> Problem to work on
Please output the following records exactly. Leave every image out.
Data provided START
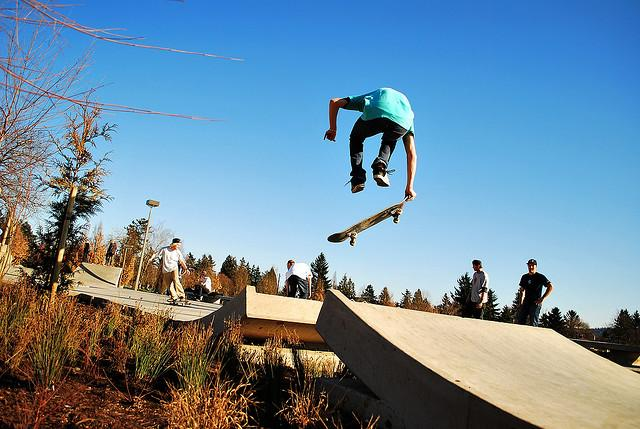Why is he grabbing the board?

Choices:
A) remove it
B) hold on
C) stop stealing
D) keep it keep it
Data provided END
> Written reply
Why is he grabbing the board?

Choices:
A) remove it
B) hold on
C) stop stealing
D) keep it keep it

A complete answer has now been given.